What is expected:
Every line of the records below from the line with "plt.ylim([0,20])" up to and including the line with "plot_history(history)</code>" must be reproduced exactly, and no line outside that range.

Task material:
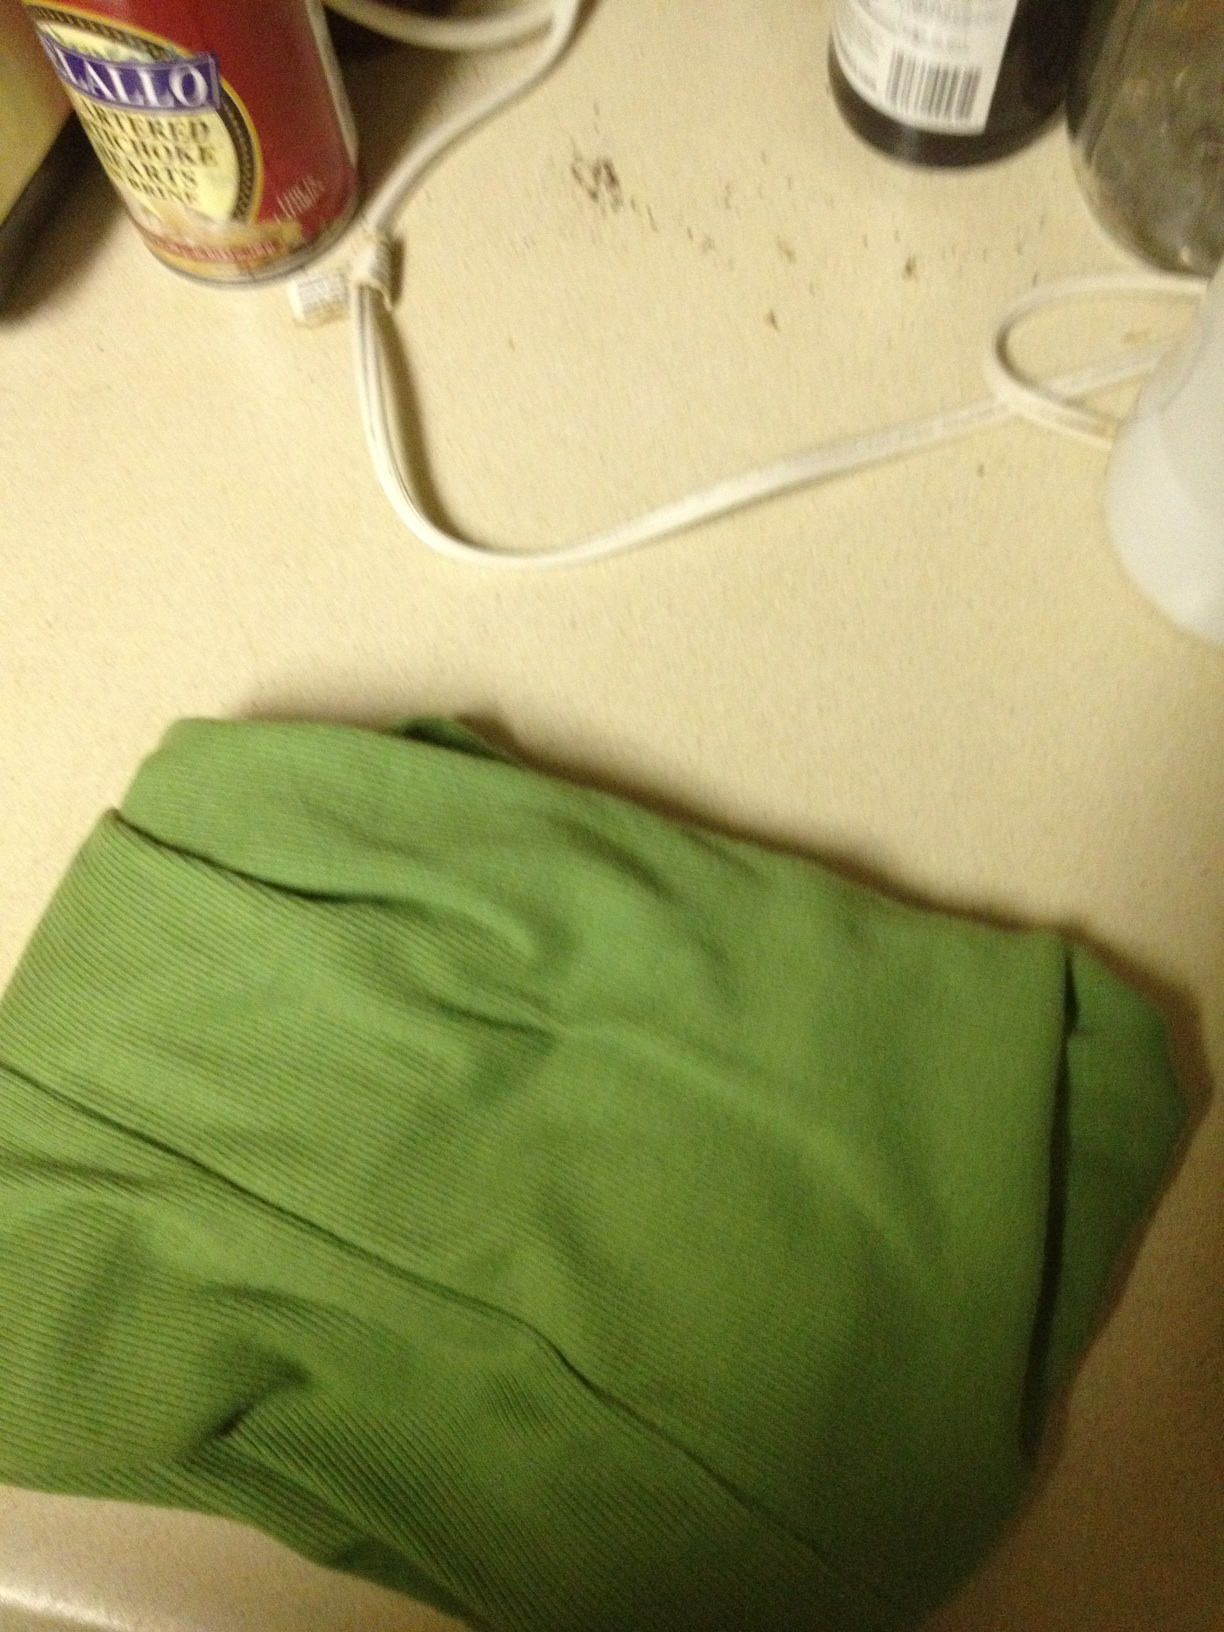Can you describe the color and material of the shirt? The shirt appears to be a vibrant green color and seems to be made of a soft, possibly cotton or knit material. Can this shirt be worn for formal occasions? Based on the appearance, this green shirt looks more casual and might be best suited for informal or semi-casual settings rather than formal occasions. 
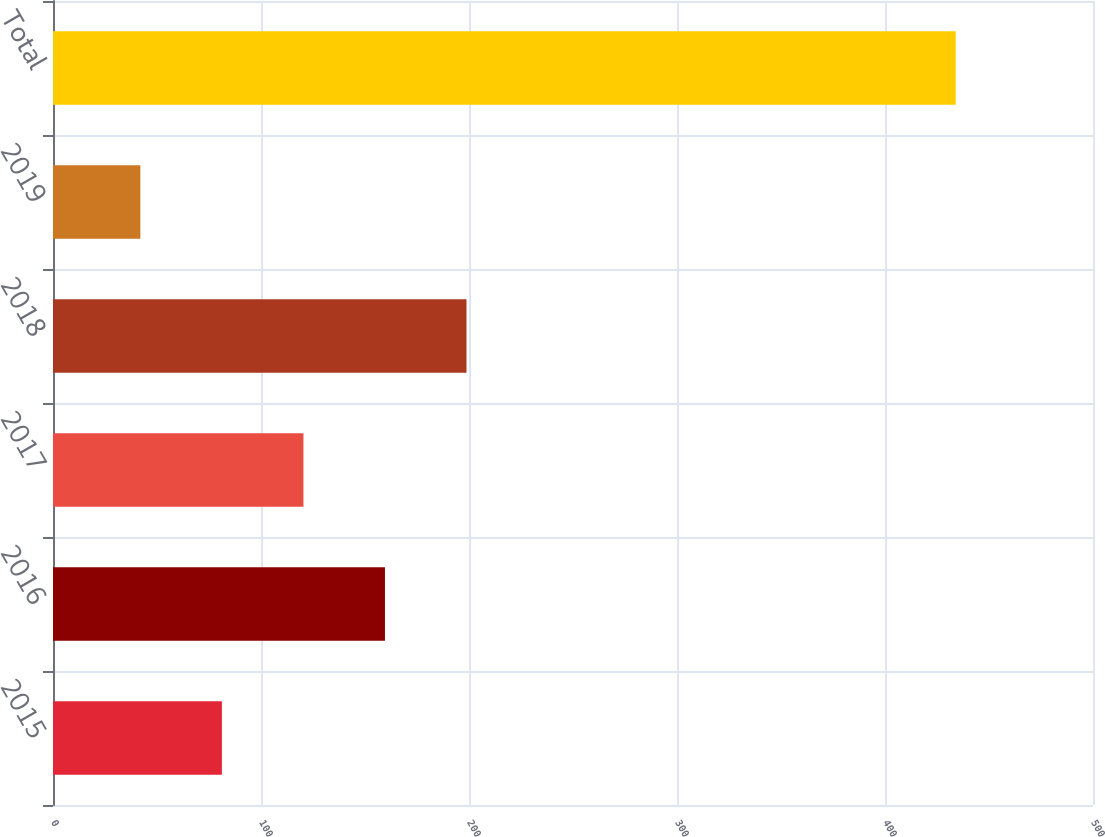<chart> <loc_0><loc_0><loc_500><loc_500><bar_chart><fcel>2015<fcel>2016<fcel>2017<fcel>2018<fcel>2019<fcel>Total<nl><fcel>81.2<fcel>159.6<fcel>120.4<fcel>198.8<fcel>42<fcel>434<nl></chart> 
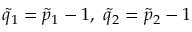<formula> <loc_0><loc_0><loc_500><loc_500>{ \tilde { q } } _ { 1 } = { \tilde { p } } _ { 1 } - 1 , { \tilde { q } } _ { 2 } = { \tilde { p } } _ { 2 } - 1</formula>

* * *

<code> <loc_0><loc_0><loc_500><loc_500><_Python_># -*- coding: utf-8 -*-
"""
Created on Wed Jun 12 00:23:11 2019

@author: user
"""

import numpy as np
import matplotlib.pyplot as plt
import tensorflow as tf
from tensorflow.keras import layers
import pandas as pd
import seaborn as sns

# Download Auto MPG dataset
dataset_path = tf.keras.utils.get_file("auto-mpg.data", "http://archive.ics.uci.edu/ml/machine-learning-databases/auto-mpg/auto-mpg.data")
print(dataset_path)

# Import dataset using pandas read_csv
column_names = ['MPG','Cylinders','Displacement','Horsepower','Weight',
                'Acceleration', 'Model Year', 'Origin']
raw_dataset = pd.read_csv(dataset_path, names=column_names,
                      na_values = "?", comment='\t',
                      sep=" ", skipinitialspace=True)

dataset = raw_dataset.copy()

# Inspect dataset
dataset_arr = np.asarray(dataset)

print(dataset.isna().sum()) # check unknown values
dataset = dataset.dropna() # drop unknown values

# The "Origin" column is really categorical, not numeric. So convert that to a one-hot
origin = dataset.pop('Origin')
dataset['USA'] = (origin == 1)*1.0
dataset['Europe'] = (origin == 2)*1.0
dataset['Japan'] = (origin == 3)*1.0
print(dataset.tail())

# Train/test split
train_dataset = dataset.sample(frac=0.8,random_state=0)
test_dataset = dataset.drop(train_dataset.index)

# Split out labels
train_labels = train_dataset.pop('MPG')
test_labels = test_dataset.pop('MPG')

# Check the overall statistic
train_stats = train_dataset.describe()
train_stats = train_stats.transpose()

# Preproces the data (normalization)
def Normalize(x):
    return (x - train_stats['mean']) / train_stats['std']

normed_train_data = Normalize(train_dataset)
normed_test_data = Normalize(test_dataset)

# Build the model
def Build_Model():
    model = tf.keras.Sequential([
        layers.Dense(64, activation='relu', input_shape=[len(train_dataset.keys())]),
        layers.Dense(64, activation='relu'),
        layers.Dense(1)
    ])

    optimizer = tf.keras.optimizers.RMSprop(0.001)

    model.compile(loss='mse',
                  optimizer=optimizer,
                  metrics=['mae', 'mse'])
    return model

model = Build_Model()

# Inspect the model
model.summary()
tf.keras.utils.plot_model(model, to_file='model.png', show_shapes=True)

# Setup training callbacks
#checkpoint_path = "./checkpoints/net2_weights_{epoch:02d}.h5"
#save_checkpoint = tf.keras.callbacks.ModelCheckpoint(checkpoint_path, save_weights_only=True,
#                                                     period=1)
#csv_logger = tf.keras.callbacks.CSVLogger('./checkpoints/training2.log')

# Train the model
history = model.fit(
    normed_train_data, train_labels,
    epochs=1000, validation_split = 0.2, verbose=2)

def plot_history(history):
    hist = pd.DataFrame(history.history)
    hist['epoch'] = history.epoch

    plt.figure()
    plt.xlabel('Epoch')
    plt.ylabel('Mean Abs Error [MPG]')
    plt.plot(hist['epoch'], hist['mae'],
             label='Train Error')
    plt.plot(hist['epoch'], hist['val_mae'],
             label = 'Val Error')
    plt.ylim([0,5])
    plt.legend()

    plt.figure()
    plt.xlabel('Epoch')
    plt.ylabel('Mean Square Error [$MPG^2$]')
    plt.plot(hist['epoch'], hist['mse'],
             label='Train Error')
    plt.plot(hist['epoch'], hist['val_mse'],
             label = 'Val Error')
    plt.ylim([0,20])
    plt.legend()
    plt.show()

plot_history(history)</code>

==

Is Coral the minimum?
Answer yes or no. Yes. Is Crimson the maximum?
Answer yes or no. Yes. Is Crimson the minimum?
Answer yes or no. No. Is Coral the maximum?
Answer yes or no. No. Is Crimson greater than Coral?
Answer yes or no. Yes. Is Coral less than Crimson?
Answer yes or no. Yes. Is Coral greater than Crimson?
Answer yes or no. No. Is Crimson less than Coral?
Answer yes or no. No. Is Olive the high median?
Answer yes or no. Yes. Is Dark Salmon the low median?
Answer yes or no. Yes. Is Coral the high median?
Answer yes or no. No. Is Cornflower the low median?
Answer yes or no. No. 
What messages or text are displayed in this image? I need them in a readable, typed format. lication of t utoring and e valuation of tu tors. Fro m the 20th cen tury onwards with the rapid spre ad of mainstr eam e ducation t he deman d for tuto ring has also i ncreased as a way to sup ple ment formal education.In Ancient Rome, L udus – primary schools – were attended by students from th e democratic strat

Solution to this exercise:
    plt.ylim([0,20])
    plt.legend()
    plt.show()

plot_history(history)</code>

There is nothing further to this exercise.